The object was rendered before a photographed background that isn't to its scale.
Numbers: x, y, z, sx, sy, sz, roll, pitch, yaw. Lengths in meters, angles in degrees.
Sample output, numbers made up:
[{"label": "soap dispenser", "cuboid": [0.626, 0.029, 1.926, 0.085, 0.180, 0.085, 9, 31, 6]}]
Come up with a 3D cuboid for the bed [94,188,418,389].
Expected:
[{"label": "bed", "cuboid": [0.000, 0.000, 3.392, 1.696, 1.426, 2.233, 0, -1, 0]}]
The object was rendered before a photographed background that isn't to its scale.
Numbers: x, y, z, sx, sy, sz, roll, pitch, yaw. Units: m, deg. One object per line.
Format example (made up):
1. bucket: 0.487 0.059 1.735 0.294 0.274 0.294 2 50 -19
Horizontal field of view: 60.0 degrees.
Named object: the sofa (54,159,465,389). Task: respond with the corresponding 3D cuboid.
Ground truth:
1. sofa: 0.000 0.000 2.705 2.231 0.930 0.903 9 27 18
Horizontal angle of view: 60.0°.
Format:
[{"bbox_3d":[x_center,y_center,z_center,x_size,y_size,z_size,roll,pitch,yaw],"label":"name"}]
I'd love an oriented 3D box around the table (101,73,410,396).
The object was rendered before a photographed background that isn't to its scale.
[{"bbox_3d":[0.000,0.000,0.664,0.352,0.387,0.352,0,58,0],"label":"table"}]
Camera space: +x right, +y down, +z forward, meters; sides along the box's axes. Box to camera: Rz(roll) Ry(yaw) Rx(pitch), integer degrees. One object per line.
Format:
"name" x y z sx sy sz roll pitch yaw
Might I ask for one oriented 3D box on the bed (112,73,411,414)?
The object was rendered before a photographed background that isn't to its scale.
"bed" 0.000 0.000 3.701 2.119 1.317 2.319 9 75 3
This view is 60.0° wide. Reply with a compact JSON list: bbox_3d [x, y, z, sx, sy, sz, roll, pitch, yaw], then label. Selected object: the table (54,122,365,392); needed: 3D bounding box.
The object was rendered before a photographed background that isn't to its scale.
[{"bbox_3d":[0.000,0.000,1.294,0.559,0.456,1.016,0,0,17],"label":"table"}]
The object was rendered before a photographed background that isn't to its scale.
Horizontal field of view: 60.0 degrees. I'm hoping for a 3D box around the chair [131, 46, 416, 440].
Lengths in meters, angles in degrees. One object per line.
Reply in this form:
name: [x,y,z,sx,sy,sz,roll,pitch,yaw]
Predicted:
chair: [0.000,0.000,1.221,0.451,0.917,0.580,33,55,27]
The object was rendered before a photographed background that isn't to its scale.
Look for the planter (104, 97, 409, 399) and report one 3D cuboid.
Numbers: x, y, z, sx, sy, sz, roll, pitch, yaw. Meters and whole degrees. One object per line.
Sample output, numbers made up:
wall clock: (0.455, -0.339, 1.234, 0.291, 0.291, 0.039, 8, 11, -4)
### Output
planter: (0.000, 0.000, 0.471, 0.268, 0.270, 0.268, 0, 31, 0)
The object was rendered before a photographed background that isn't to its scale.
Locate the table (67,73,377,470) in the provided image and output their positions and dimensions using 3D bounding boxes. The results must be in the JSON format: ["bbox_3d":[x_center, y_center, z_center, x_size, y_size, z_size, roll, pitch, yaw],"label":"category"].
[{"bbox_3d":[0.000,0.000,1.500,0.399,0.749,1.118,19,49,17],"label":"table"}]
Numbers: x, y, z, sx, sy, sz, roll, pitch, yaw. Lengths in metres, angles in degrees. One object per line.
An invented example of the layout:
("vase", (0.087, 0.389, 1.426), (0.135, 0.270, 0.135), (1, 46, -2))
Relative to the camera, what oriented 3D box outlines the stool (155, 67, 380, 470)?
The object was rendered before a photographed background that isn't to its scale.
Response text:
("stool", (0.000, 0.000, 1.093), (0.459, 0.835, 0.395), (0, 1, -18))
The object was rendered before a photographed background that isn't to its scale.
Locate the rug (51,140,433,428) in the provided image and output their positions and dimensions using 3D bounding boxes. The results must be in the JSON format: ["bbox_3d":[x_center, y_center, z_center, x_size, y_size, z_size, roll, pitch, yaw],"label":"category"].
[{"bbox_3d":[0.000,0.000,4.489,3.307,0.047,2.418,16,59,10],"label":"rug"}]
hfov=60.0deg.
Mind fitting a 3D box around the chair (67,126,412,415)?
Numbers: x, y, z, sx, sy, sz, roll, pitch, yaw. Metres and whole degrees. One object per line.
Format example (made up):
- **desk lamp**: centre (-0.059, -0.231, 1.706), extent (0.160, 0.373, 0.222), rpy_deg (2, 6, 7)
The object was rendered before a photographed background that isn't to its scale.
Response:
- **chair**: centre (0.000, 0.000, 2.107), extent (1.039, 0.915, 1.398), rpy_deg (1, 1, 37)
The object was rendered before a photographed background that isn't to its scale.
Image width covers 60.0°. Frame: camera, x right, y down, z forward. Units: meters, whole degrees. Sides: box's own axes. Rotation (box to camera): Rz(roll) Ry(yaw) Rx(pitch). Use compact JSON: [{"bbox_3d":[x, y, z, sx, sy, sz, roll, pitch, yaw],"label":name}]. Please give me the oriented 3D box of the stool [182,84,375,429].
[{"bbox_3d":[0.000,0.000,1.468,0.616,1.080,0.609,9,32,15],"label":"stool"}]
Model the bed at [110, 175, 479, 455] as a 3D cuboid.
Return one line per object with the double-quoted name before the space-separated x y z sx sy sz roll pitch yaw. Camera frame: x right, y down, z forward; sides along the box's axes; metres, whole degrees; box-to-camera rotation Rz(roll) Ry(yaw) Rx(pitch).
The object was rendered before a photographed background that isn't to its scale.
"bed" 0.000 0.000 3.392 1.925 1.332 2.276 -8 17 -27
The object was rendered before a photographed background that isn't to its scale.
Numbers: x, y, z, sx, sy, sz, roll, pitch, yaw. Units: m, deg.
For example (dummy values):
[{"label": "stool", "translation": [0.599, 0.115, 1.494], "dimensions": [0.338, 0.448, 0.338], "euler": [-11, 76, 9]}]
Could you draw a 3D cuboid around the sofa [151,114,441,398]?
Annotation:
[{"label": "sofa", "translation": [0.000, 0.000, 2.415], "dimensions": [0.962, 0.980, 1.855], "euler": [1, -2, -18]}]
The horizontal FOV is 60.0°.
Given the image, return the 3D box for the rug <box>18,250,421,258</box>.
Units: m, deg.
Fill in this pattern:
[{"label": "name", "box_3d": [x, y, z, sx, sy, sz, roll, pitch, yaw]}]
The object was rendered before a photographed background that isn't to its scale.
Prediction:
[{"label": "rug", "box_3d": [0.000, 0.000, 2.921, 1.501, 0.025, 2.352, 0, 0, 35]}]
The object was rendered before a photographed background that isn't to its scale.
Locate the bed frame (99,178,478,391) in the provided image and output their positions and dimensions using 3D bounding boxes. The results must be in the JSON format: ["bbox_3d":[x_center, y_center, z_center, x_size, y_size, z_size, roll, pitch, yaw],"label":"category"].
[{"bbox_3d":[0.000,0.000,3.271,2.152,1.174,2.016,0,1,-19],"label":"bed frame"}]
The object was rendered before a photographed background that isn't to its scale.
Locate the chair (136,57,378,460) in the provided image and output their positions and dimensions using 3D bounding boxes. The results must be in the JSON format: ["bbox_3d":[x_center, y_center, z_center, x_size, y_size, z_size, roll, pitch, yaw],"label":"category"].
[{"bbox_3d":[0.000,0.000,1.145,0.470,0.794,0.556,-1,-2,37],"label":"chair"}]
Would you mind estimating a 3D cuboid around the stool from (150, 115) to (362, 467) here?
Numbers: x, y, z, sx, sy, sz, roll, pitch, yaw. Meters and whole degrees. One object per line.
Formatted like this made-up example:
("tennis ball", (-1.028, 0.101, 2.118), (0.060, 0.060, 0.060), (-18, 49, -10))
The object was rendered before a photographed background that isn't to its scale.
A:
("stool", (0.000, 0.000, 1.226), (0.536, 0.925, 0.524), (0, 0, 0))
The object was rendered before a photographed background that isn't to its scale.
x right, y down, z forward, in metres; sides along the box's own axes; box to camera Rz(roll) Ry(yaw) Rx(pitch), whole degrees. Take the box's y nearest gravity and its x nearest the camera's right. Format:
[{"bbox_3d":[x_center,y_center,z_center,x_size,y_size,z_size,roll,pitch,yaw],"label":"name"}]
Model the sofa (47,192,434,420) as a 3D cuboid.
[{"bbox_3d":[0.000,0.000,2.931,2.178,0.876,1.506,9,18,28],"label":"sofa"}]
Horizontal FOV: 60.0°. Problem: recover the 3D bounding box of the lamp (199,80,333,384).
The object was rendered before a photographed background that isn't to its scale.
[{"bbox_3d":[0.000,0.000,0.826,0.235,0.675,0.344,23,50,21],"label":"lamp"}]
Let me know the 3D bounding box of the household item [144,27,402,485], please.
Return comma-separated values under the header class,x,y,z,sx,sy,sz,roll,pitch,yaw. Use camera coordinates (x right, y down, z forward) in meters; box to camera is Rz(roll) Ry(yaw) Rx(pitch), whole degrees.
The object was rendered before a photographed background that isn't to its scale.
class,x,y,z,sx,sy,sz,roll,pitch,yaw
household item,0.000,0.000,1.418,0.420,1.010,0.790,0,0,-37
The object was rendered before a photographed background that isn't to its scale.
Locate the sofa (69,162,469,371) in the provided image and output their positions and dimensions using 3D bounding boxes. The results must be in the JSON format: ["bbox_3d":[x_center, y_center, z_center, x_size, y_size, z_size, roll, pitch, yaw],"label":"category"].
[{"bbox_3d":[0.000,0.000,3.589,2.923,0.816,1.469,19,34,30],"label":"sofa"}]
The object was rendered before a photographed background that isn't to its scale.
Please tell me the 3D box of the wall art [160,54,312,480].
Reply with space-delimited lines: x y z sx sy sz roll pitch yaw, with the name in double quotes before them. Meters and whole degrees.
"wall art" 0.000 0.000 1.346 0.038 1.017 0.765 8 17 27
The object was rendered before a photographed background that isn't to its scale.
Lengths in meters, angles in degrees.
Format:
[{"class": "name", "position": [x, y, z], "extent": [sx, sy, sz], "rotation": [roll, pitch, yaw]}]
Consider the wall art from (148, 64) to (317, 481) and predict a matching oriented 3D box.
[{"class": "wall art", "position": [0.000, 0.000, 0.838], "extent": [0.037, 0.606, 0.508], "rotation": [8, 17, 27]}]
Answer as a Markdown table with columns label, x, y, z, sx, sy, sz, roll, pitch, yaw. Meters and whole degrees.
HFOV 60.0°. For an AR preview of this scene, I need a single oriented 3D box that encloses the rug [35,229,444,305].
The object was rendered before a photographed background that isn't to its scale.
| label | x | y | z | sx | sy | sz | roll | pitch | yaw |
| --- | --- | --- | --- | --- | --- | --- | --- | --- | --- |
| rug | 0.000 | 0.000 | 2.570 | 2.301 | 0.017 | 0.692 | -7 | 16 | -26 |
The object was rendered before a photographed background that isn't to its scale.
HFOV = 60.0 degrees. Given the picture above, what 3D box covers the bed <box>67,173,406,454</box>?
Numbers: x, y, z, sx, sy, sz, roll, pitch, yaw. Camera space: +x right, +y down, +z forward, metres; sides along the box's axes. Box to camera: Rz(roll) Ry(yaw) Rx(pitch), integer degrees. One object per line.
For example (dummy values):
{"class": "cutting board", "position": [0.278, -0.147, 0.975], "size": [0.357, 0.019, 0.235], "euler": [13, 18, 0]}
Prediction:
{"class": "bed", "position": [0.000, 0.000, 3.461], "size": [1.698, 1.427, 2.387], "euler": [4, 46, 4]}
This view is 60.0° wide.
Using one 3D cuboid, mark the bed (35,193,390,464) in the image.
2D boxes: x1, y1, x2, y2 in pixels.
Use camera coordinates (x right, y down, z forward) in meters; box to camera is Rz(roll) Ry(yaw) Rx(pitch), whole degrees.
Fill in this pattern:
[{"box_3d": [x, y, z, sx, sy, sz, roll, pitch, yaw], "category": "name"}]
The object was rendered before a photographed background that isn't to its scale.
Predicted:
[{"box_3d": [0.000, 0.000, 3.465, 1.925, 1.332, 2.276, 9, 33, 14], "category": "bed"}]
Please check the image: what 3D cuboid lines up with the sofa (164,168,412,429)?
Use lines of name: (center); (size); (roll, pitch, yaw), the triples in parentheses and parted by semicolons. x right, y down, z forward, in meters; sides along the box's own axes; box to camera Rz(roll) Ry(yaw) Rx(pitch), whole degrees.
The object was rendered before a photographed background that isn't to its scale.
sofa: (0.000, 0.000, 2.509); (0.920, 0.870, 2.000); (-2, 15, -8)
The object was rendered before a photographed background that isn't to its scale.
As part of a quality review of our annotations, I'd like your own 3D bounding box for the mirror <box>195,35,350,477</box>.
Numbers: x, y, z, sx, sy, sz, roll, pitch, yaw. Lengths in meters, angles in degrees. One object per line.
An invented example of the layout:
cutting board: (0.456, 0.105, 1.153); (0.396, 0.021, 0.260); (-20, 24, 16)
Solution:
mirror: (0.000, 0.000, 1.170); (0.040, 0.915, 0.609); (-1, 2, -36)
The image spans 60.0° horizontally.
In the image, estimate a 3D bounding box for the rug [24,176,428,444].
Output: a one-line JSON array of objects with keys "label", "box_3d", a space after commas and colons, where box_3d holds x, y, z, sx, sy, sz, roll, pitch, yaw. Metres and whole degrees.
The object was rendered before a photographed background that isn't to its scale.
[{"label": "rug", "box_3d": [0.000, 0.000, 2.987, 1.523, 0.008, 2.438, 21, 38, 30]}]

::::

● What you will do
Please retype, exactly as written, every line from the line containing "Output: a one-line" through the last line of the records above, including both of those lines, and nothing else.

● Answer for the task
Output: a one-line JSON array of objects with keys "label", "box_3d", a space after commas and colons, where box_3d holds x, y, z, sx, sy, sz, roll, pitch, yaw. Metres and whole degrees.
The object was rendered before a photographed background that isn't to its scale.
[{"label": "rug", "box_3d": [0.000, 0.000, 2.987, 1.523, 0.008, 2.438, 21, 38, 30]}]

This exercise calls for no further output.